● **What the exercise asks**
Produce the records below again, word for word, but stop after the line that contains "For every layout".

● **Excerpted records**
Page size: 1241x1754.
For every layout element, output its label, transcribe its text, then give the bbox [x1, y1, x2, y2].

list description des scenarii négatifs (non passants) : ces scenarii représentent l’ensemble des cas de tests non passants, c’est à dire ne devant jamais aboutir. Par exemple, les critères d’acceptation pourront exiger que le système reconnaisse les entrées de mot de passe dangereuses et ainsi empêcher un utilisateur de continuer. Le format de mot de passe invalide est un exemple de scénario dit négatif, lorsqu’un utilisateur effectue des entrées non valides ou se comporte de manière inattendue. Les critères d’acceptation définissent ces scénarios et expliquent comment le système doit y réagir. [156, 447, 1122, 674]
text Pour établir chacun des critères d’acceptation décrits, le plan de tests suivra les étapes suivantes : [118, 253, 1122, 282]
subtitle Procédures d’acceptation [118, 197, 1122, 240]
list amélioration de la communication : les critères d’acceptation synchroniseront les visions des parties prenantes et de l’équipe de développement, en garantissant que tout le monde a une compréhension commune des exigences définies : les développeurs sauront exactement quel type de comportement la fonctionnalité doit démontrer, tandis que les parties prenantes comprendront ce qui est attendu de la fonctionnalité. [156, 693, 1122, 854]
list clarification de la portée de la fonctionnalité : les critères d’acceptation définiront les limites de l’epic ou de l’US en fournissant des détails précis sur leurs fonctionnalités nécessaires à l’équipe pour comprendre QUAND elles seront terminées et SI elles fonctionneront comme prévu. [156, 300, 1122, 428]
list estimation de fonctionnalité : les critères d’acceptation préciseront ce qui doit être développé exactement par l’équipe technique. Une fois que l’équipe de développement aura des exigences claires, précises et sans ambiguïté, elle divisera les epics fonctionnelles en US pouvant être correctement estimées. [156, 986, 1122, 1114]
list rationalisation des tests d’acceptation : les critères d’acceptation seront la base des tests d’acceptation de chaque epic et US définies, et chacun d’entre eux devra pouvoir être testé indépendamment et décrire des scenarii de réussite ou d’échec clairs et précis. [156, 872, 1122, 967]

● **Written reply**
Page size: 1241x1754.
For every layout element, output its label, transcribe its text, then give the bbox [x1, y1, x2, y2].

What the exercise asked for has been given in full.